A familiar approach, which has some incrementalist appeal. It always seems easier to wait until technologies get better/ cheaper- and stay with what we have.  But that way we never move down the learning curves.  At best we focus on ameliorative options like Carbon Capture and Storage, which may not offer much on a large scale, and just allow us to burn more fossil fuel, although BECCs buffs might hope that at some point it could help make biomass combustion carbon negative.  And at worst we get panic moves to nuclear, which few pretend will get cheaper fast..

Obviously the gas option is significant for the short term, but if we get too locked into that, it just delays the inevitable- a shift to renewables. Reducing energy waste is a fast and cheap option for the immediate future, and ought to be attractive since there is a lot of low hanging fruit. However, when we have achieved all the quick and easy energy savings it gets increasingly costly to save more - there are diminishing returns. Long term we need non-carbon supply and to get its cost down fast.
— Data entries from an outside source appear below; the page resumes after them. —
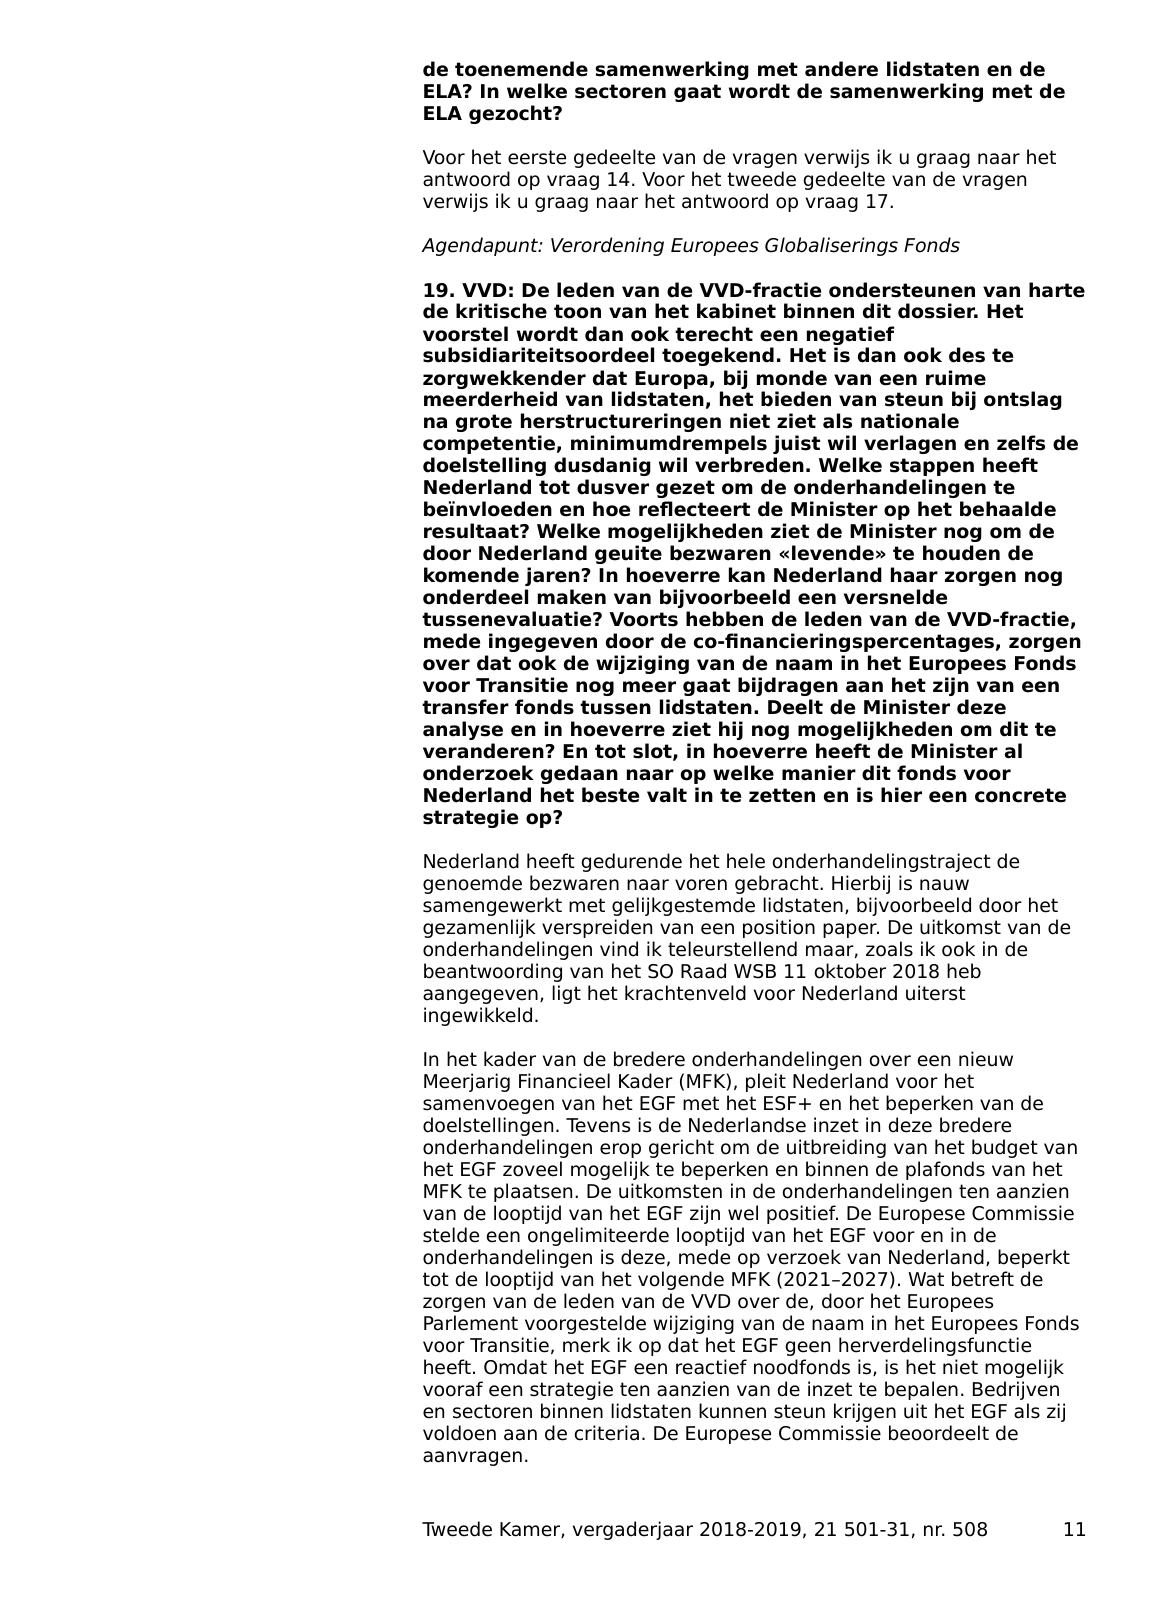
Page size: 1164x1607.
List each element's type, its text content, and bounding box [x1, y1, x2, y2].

text 19. VVD: De leden van de VVD-fractie ondersteunen van harte de kritische toon van het kabinet binnen dit dossier. Het voorstel wordt dan ook terecht een negatief subsidiariteitsoordeel toegekend. Het is dan ook des te zorgwekkender dat Europa, bij monde van een ruime meerderheid van lidstaten, het bieden van steun bij ontslag na grote herstructureringen niet ziet als nationale competentie, minimumdrempels juist wil verlagen en zelfs de doelstelling dusdanig wil verbreden. Welke stappen heeft Nederland tot dusver gezet om de onderhandelingen te beïnvloeden en hoe reflecteert de Minister op het behaalde resultaat? Welke mogelijkheden ziet de Minister nog om de door Nederland geuite bezwaren «levende» te houden de komende jaren? In hoeverre kan Nederland haar zorgen nog onderdeel maken van bijvoorbeeld een versnelde tussenevaluatie? Voorts hebben de leden van de VVD-fractie, mede ingegeven door de co-financieringspercentages, zorgen over dat ook de wijziging van de naam in het Europees Fonds voor Transitie nog meer gaat bijdragen aan het zijn van een transfer fonds tussen lidstaten. Deelt de Minister deze analyse en in hoeverre ziet hij nog mogelijkheden om dit te veranderen? En tot slot, in hoeverre heeft de Minister al onderzoek gedaan naar op welke manier dit fonds voor Nederland het beste valt in te zetten en is hier een concrete strategie op? [422, 279, 1087, 829]
text Voor het eerste gedeelte van de vragen verwijs ik u graag naar het antwoord op vraag 14. Voor het tweede gedeelte van de vragen verwijs ik u graag naar het antwoord op vraag 17. [422, 147, 1087, 213]
text Nederland heeft gedurende het hele onderhandelingstraject de genoemde bezwaren naar voren gebracht. Hierbij is nauw samengewerkt met gelijkgestemde lidstaten, bijvoorbeeld door het gezamenlijk verspreiden van een position paper. De uitkomst van de onderhandelingen vind ik teleurstellend maar, zoals ik ook in de beantwoording van het SO Raad WSB 11 oktober 2018 heb aangegeven, ligt het krachtenveld voor Nederland uiterst ingewikkeld. [422, 851, 1087, 1027]
subtitle Agendapunt: Verordening Europees Globaliserings Fonds [422, 235, 1087, 257]
text de toenemende samenwerking met andere lidstaten en de ELA? In welke sectoren gaat wordt de samenwerking met de ELA gezocht? [422, 59, 1087, 125]
text In het kader van de bredere onderhandelingen over een nieuw Meerjarig Financieel Kader (MFK), pleit Nederland voor het samenvoegen van het EGF met het ESF+ en het beperken van de doelstellingen. Tevens is de Nederlandse inzet in deze bredere onderhandelingen erop gericht om de uitbreiding van het budget van het EGF zoveel mogelijk te beperken en binnen de plafonds van het MFK te plaatsen. De uitkomsten in de onderhandelingen ten aanzien van de looptijd van het EGF zijn wel positief. De Europese Commissie stelde een ongelimiteerde looptijd van het EGF voor en in de onderhandelingen is deze, mede op verzoek van Nederland, beperkt tot de looptijd van het volgende MFK (2021–2027). Wat betreft de zorgen van de leden van de VVD over de, door het Europees Parlement voorgestelde wijziging van de naam in het Europees Fonds voor Transitie, merk ik op dat het EGF geen herverdelingsfunctie heeft. Omdat het EGF een reactief noodfonds is, is het niet mogelijk vooraf een strategie ten aanzien van de inzet te bepalen. Bedrijven en sectoren binnen lidstaten kunnen steun krijgen uit het EGF als zij voldoen aan de criteria. De Europese Commissie beoordeelt de aanvragen. [422, 1049, 1087, 1467]

That is happening, with PV solar especially. It could be competitive with nuclear in the UK by 2020, and should continue to fall in price as the market builds and the technology improves. Onshore wind is already competitive with conventional sources in some locations, offshore wind could get down to £100/MWh or less by around 2020 and wave and tidal stream seem likely follow the same trend. How fast we can go is mostly politically determined- how much extra cost can/will consumer /taxpayers accept to accelerate down learning curves? And can we avoid diversions- sold to us as quick and cheap?  Can fossil and nuclear subsidies be redirected to cut the cost to consumers and taxpayers? Is Carbon Capture and Storage really worth exploring- given its likely high cost? A lot of uncertainties there, but if we are not deflected and if funding is targeted properly, by the mid 2020s, we might expect to see renewables challenging all comers.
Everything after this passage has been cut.